EXERCISE DATA Block Start

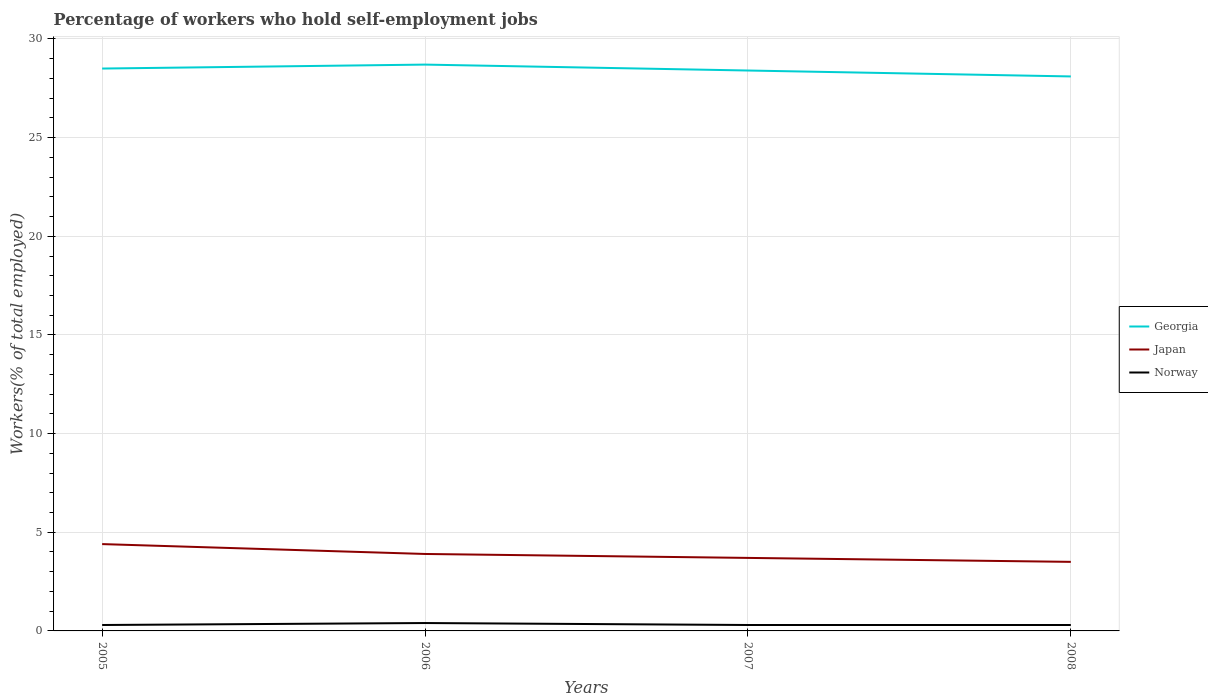Does the line corresponding to Norway intersect with the line corresponding to Georgia?
Ensure brevity in your answer.  No. In which year was the percentage of self-employed workers in Japan maximum?
Your response must be concise. 2008. What is the total percentage of self-employed workers in Japan in the graph?
Offer a terse response. 0.2. What is the difference between the highest and the second highest percentage of self-employed workers in Japan?
Give a very brief answer. 0.9. Is the percentage of self-employed workers in Japan strictly greater than the percentage of self-employed workers in Norway over the years?
Keep it short and to the point. No. What is the difference between two consecutive major ticks on the Y-axis?
Make the answer very short. 5. Are the values on the major ticks of Y-axis written in scientific E-notation?
Keep it short and to the point. No. Does the graph contain any zero values?
Your answer should be very brief. No. Does the graph contain grids?
Give a very brief answer. Yes. Where does the legend appear in the graph?
Ensure brevity in your answer.  Center right. How are the legend labels stacked?
Provide a short and direct response. Vertical. What is the title of the graph?
Your answer should be very brief. Percentage of workers who hold self-employment jobs. Does "High income: OECD" appear as one of the legend labels in the graph?
Make the answer very short. No. What is the label or title of the X-axis?
Offer a terse response. Years. What is the label or title of the Y-axis?
Provide a succinct answer. Workers(% of total employed). What is the Workers(% of total employed) in Georgia in 2005?
Keep it short and to the point. 28.5. What is the Workers(% of total employed) in Japan in 2005?
Give a very brief answer. 4.4. What is the Workers(% of total employed) of Norway in 2005?
Ensure brevity in your answer.  0.3. What is the Workers(% of total employed) of Georgia in 2006?
Provide a short and direct response. 28.7. What is the Workers(% of total employed) of Japan in 2006?
Offer a terse response. 3.9. What is the Workers(% of total employed) of Norway in 2006?
Your response must be concise. 0.4. What is the Workers(% of total employed) in Georgia in 2007?
Your answer should be very brief. 28.4. What is the Workers(% of total employed) in Japan in 2007?
Offer a terse response. 3.7. What is the Workers(% of total employed) in Norway in 2007?
Provide a short and direct response. 0.3. What is the Workers(% of total employed) of Georgia in 2008?
Keep it short and to the point. 28.1. What is the Workers(% of total employed) in Japan in 2008?
Offer a very short reply. 3.5. What is the Workers(% of total employed) of Norway in 2008?
Your answer should be very brief. 0.3. Across all years, what is the maximum Workers(% of total employed) of Georgia?
Your answer should be compact. 28.7. Across all years, what is the maximum Workers(% of total employed) of Japan?
Your response must be concise. 4.4. Across all years, what is the maximum Workers(% of total employed) in Norway?
Give a very brief answer. 0.4. Across all years, what is the minimum Workers(% of total employed) in Georgia?
Provide a succinct answer. 28.1. Across all years, what is the minimum Workers(% of total employed) of Norway?
Your answer should be compact. 0.3. What is the total Workers(% of total employed) in Georgia in the graph?
Provide a short and direct response. 113.7. What is the total Workers(% of total employed) of Japan in the graph?
Your answer should be very brief. 15.5. What is the total Workers(% of total employed) of Norway in the graph?
Your answer should be compact. 1.3. What is the difference between the Workers(% of total employed) in Georgia in 2005 and that in 2006?
Make the answer very short. -0.2. What is the difference between the Workers(% of total employed) in Japan in 2005 and that in 2006?
Give a very brief answer. 0.5. What is the difference between the Workers(% of total employed) of Norway in 2005 and that in 2006?
Offer a very short reply. -0.1. What is the difference between the Workers(% of total employed) in Georgia in 2005 and that in 2007?
Offer a terse response. 0.1. What is the difference between the Workers(% of total employed) of Japan in 2005 and that in 2007?
Provide a short and direct response. 0.7. What is the difference between the Workers(% of total employed) in Georgia in 2006 and that in 2007?
Provide a short and direct response. 0.3. What is the difference between the Workers(% of total employed) in Japan in 2006 and that in 2007?
Provide a short and direct response. 0.2. What is the difference between the Workers(% of total employed) in Georgia in 2006 and that in 2008?
Your answer should be compact. 0.6. What is the difference between the Workers(% of total employed) of Japan in 2006 and that in 2008?
Offer a terse response. 0.4. What is the difference between the Workers(% of total employed) of Norway in 2006 and that in 2008?
Your response must be concise. 0.1. What is the difference between the Workers(% of total employed) of Japan in 2007 and that in 2008?
Your answer should be very brief. 0.2. What is the difference between the Workers(% of total employed) in Georgia in 2005 and the Workers(% of total employed) in Japan in 2006?
Provide a short and direct response. 24.6. What is the difference between the Workers(% of total employed) of Georgia in 2005 and the Workers(% of total employed) of Norway in 2006?
Make the answer very short. 28.1. What is the difference between the Workers(% of total employed) in Georgia in 2005 and the Workers(% of total employed) in Japan in 2007?
Your response must be concise. 24.8. What is the difference between the Workers(% of total employed) of Georgia in 2005 and the Workers(% of total employed) of Norway in 2007?
Your response must be concise. 28.2. What is the difference between the Workers(% of total employed) in Japan in 2005 and the Workers(% of total employed) in Norway in 2007?
Your response must be concise. 4.1. What is the difference between the Workers(% of total employed) in Georgia in 2005 and the Workers(% of total employed) in Norway in 2008?
Provide a succinct answer. 28.2. What is the difference between the Workers(% of total employed) of Japan in 2005 and the Workers(% of total employed) of Norway in 2008?
Ensure brevity in your answer.  4.1. What is the difference between the Workers(% of total employed) in Georgia in 2006 and the Workers(% of total employed) in Norway in 2007?
Make the answer very short. 28.4. What is the difference between the Workers(% of total employed) in Georgia in 2006 and the Workers(% of total employed) in Japan in 2008?
Make the answer very short. 25.2. What is the difference between the Workers(% of total employed) in Georgia in 2006 and the Workers(% of total employed) in Norway in 2008?
Offer a terse response. 28.4. What is the difference between the Workers(% of total employed) in Japan in 2006 and the Workers(% of total employed) in Norway in 2008?
Offer a very short reply. 3.6. What is the difference between the Workers(% of total employed) in Georgia in 2007 and the Workers(% of total employed) in Japan in 2008?
Your answer should be compact. 24.9. What is the difference between the Workers(% of total employed) in Georgia in 2007 and the Workers(% of total employed) in Norway in 2008?
Give a very brief answer. 28.1. What is the average Workers(% of total employed) in Georgia per year?
Provide a short and direct response. 28.43. What is the average Workers(% of total employed) in Japan per year?
Offer a very short reply. 3.88. What is the average Workers(% of total employed) of Norway per year?
Your answer should be compact. 0.33. In the year 2005, what is the difference between the Workers(% of total employed) in Georgia and Workers(% of total employed) in Japan?
Provide a short and direct response. 24.1. In the year 2005, what is the difference between the Workers(% of total employed) of Georgia and Workers(% of total employed) of Norway?
Your response must be concise. 28.2. In the year 2006, what is the difference between the Workers(% of total employed) of Georgia and Workers(% of total employed) of Japan?
Ensure brevity in your answer.  24.8. In the year 2006, what is the difference between the Workers(% of total employed) of Georgia and Workers(% of total employed) of Norway?
Offer a terse response. 28.3. In the year 2006, what is the difference between the Workers(% of total employed) of Japan and Workers(% of total employed) of Norway?
Offer a terse response. 3.5. In the year 2007, what is the difference between the Workers(% of total employed) of Georgia and Workers(% of total employed) of Japan?
Give a very brief answer. 24.7. In the year 2007, what is the difference between the Workers(% of total employed) in Georgia and Workers(% of total employed) in Norway?
Offer a terse response. 28.1. In the year 2007, what is the difference between the Workers(% of total employed) of Japan and Workers(% of total employed) of Norway?
Keep it short and to the point. 3.4. In the year 2008, what is the difference between the Workers(% of total employed) in Georgia and Workers(% of total employed) in Japan?
Your answer should be compact. 24.6. In the year 2008, what is the difference between the Workers(% of total employed) in Georgia and Workers(% of total employed) in Norway?
Your answer should be very brief. 27.8. What is the ratio of the Workers(% of total employed) in Japan in 2005 to that in 2006?
Offer a very short reply. 1.13. What is the ratio of the Workers(% of total employed) of Georgia in 2005 to that in 2007?
Your answer should be compact. 1. What is the ratio of the Workers(% of total employed) of Japan in 2005 to that in 2007?
Your answer should be very brief. 1.19. What is the ratio of the Workers(% of total employed) in Norway in 2005 to that in 2007?
Provide a short and direct response. 1. What is the ratio of the Workers(% of total employed) in Georgia in 2005 to that in 2008?
Provide a short and direct response. 1.01. What is the ratio of the Workers(% of total employed) of Japan in 2005 to that in 2008?
Give a very brief answer. 1.26. What is the ratio of the Workers(% of total employed) in Georgia in 2006 to that in 2007?
Give a very brief answer. 1.01. What is the ratio of the Workers(% of total employed) of Japan in 2006 to that in 2007?
Make the answer very short. 1.05. What is the ratio of the Workers(% of total employed) in Norway in 2006 to that in 2007?
Your response must be concise. 1.33. What is the ratio of the Workers(% of total employed) of Georgia in 2006 to that in 2008?
Provide a short and direct response. 1.02. What is the ratio of the Workers(% of total employed) in Japan in 2006 to that in 2008?
Your answer should be compact. 1.11. What is the ratio of the Workers(% of total employed) of Norway in 2006 to that in 2008?
Give a very brief answer. 1.33. What is the ratio of the Workers(% of total employed) of Georgia in 2007 to that in 2008?
Keep it short and to the point. 1.01. What is the ratio of the Workers(% of total employed) of Japan in 2007 to that in 2008?
Your answer should be compact. 1.06. What is the ratio of the Workers(% of total employed) in Norway in 2007 to that in 2008?
Offer a terse response. 1. What is the difference between the highest and the second highest Workers(% of total employed) in Japan?
Keep it short and to the point. 0.5. What is the difference between the highest and the second highest Workers(% of total employed) in Norway?
Make the answer very short. 0.1. What is the difference between the highest and the lowest Workers(% of total employed) in Japan?
Your answer should be very brief. 0.9. What is the difference between the highest and the lowest Workers(% of total employed) of Norway?
Ensure brevity in your answer.  0.1. 
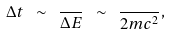<formula> <loc_0><loc_0><loc_500><loc_500>\Delta t \ \sim \ \frac { } { \Delta E } \ \sim \ \frac { } { 2 m c ^ { 2 } } ,</formula> 
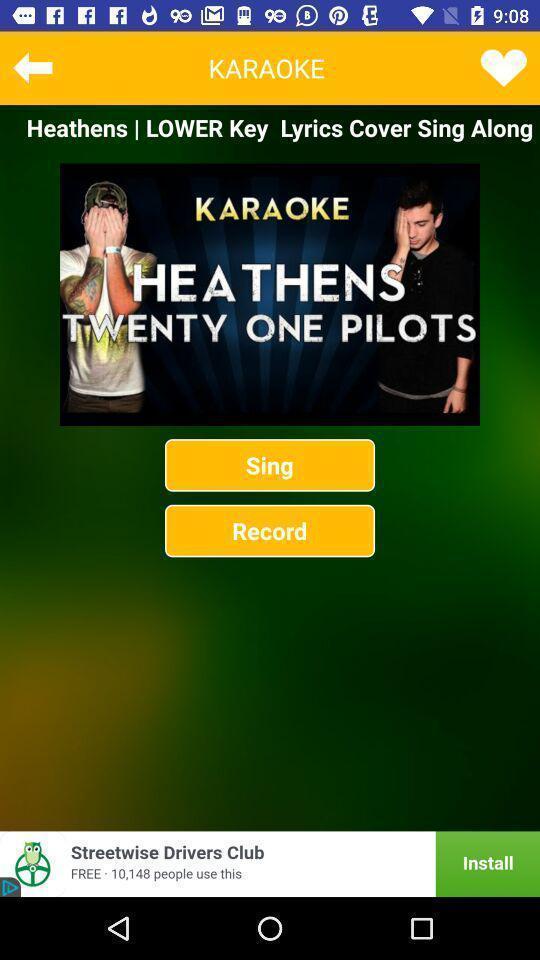Tell me what you see in this picture. Song to record in music app. 
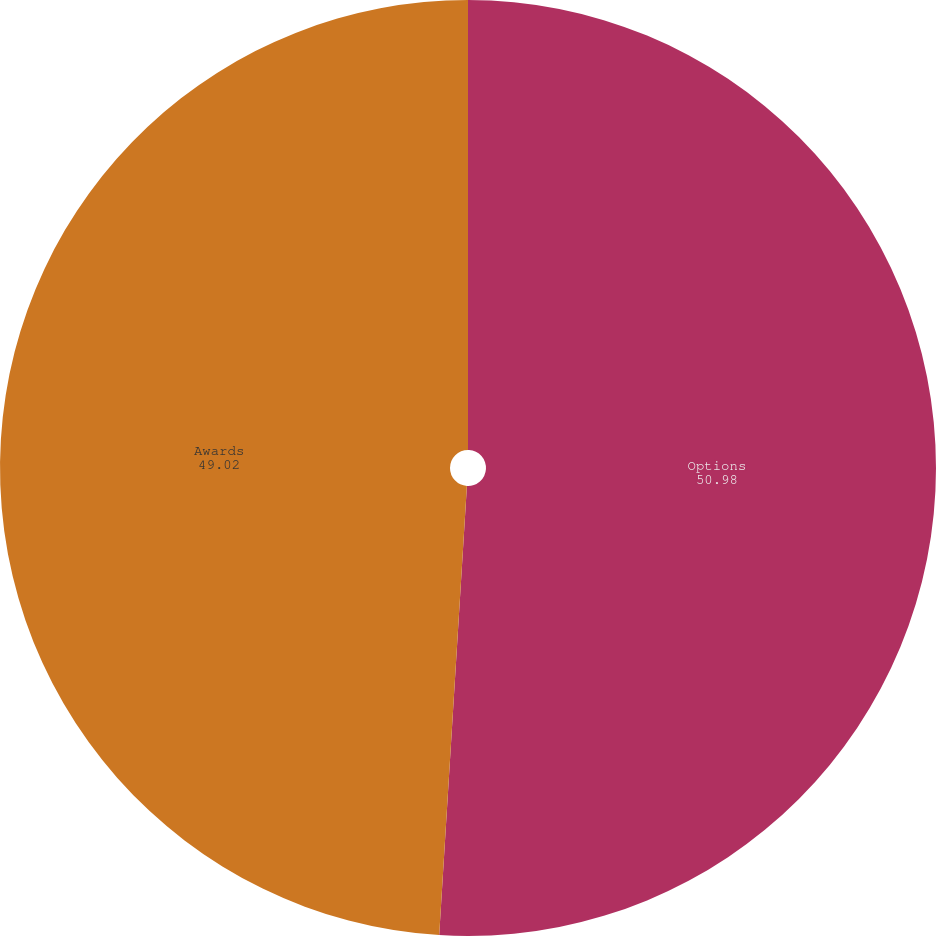Convert chart. <chart><loc_0><loc_0><loc_500><loc_500><pie_chart><fcel>Options<fcel>Awards<nl><fcel>50.98%<fcel>49.02%<nl></chart> 
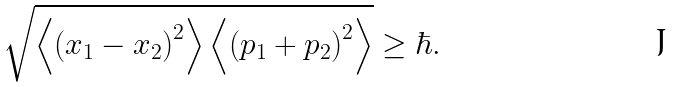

EXERCISE DATA Block End

INSTRUCTIONS FOR THE TASK:
All lines from the one that contains "Your answer should be very brief. 0.9." through the last line of the data should be retyped exactly, with the pictures left out.

REPLY:
Your answer should be very brief. 0.9. What is the difference between the highest and the lowest Workers(% of total employed) of Norway?
Ensure brevity in your answer.  0.1. 
<formula> <loc_0><loc_0><loc_500><loc_500>\Delta t \ \sim \ \frac { } { \Delta E } \ \sim \ \frac { } { 2 m c ^ { 2 } } ,</formula> 
Tell me what you see in this picture. Song to record in music app. 
Convert chart. <chart><loc_0><loc_0><loc_500><loc_500><pie_chart><fcel>Options<fcel>Awards<nl><fcel>50.98%<fcel>49.02%<nl></chart> 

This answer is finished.